History-maker

Jonathan Anderson’s Dior grunge dandies
By Barry Pierce | Fashion | 28 June 2025

It’s rare these days to watch a show and feel like you’re truly witnessing fashion history in the making, but that was undeniably the case with Jonathan Anderson‘s debut collection for Dior. The most anticipated fashion collection from any brand in recent memory, everyone wanted to see what Anderson was going to do with Dior. Would he go straight in with the weird and wacky designs of his Loewe? Or would he keep things more wearable like JW Anderson? How will this all translate through the historic codes of Dior?

Before we get to the clothes, let’s talk about the space. The show took place in a bright room inside the Hôtel des Invalides, with each guest sitting on a plain wooden cube. Naturally, there were A-listers – Rihanna, Sabrina Carpenter, Pharrell, Robert Pattinson – as well as a good cohort of Anderson’s boys: Josh O’Connor, Luca Guadagnino, Joe Alwyn and, the latest inductee, Sam Nivola. On top of the celebs, a group of Anderson’s fellow designers all sat together to watch his first show – Donatella Versace, Pierpaolo Piccioli, Simon Porte Jacquemus, Glenn Martens, Silvia Venturini Fendi and Stefano Pilati.

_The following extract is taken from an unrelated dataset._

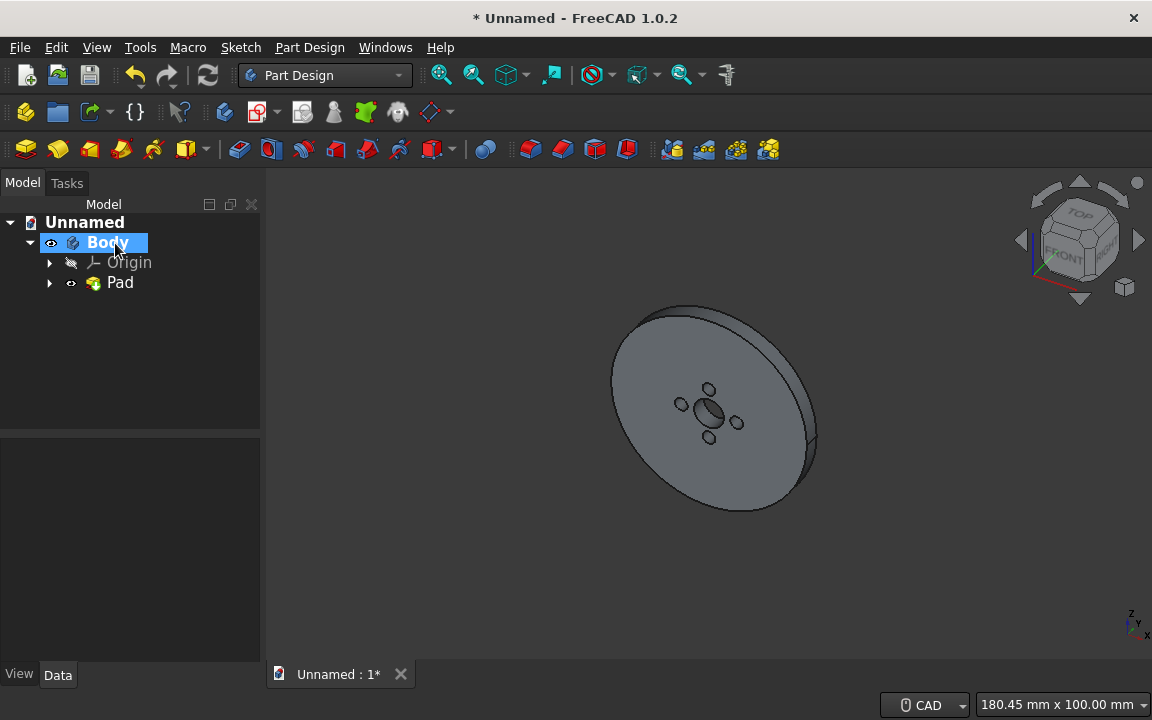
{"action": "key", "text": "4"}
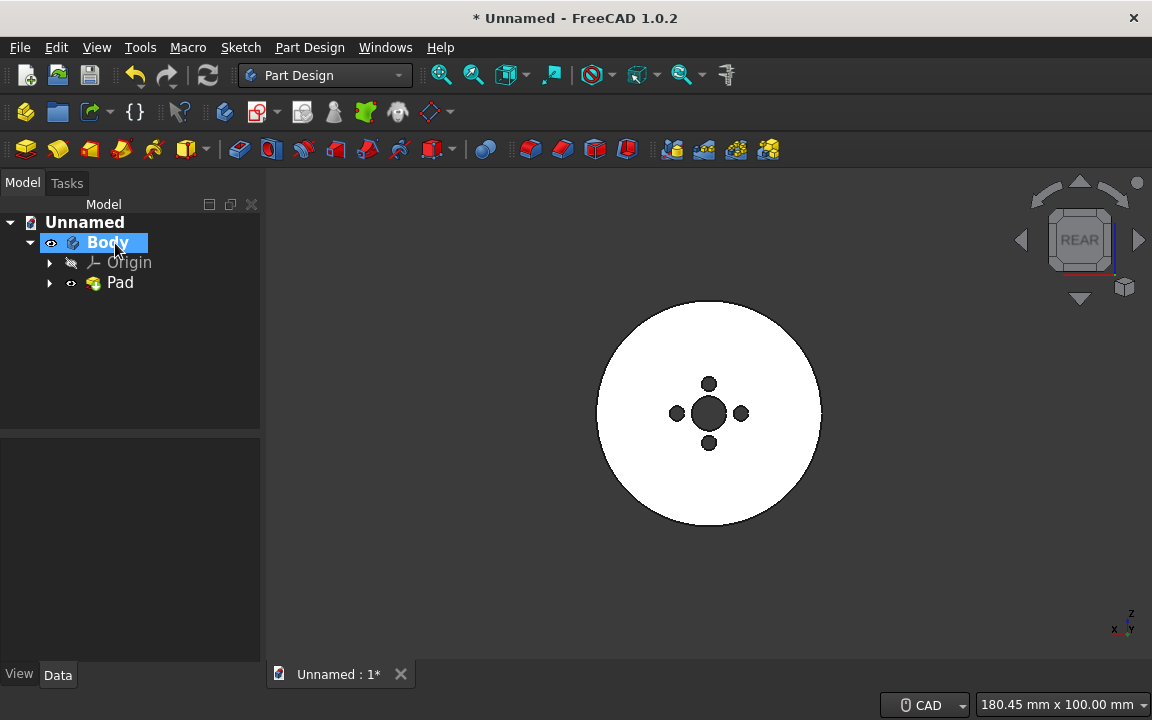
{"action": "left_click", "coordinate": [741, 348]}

The room was modelled to bring to mind the velvet-lined interiors of Berlin’s Gemäldegalerie, one of the city’s main art galleries. On the wall hung two paintings by the French still-life artist Jean Siméon Chardin. In a reflection of the collection to come, Chardin worked during the height of the Rococo era in art, when artists longed to create the most luxurious and elaborate scenes on canvas, reflecting the decadent lives of their rich patrons. Chardin, however, dedicated his practice to depicting fairly common, household scenes. A maid washing clothes, or simply a plain platter of fruit. He was an artist who, during a time of great luxury and excess, stuck to the simple things.

That spirit of Chardin ran through Anderson’s debut collection. The first look was a Donegal tweed jacket with a cinched waist and exaggerated hips that directly referenced the New Look, the silhouette that Monsieur Dior had revolutionised the fashion world with back in 1947. On the bottom, a pair of 3/4 lengths were made of so much fabric that it was folded over several times and created a laminated effect. On foot, a pair of fisherman sandals were matched with white socks. There it was, our first full look at Jonathan Anderson’s Dior. Already, things were looking good.

What followed were 67 looks overall. There was an enjoyable mix of styling as, in some places, velvet dress coats were paired with denim jeans and woven sandals, and light pyjama shirts were tucked into tracksuit trousers. Very quickly – all the looks marched out – we saw that Anderson was dipping into the vocabulary of the landed gentry. For years, designers have looked to the innate styles of Hooray Henrys and Sloane Rangers to inform their collections, but few have attempted what Anderson did here, to make this particular style look wearable to those outside of that milieu.

In a reflection of recent trends, there was a streak of dandyism through the collection too. There were buttoned-up waistcoat and ostentatious bow ties that looked straight out of Sense and Sensibility. Pair them with the aforementioned velvet dress coats and you have to presume that the most stylish man in history, Beau Brummell, was on the moodboard somewhere. In an extension of this, there were a few military drummer jackets that were gloriously Adam Ant.

A moment for the bags. In a classic bit of Anderson literalism, the Dior Book Tote were designed with book covers on them. Stoker’s Dracula, Baudelaire’s Les Fleurs du Mal, Capote’s In Cold Blood, amongst others all reflected Anderson’s personal literary taste and may finally be a reason for you to retire your shabby Daunt Books tote. Sheila Hicks re-imagined the Lady Dior, covering the whole thing in a barrage of linen ponytails.

After the parade of looks, each mixing Anderson’s classic motifs through a distinctly Dior lens, the final look was revealed: a classic grey suit. Not quite the same suit we saw Kylian Mbappé wearing in the collection’s teaser a few days ago, but definitely a relation. It was an interesting choice to end on, a collection’s final look often being one of the most out-there. But this is Dior and this suit was pure Dior elegance. It was simple, crisp and endlessly desirable. When was the last time anyone looked at a plain grey suit and thought, “I want that”? That was the success of Anderson’s first Dior collection. You just want to have it all.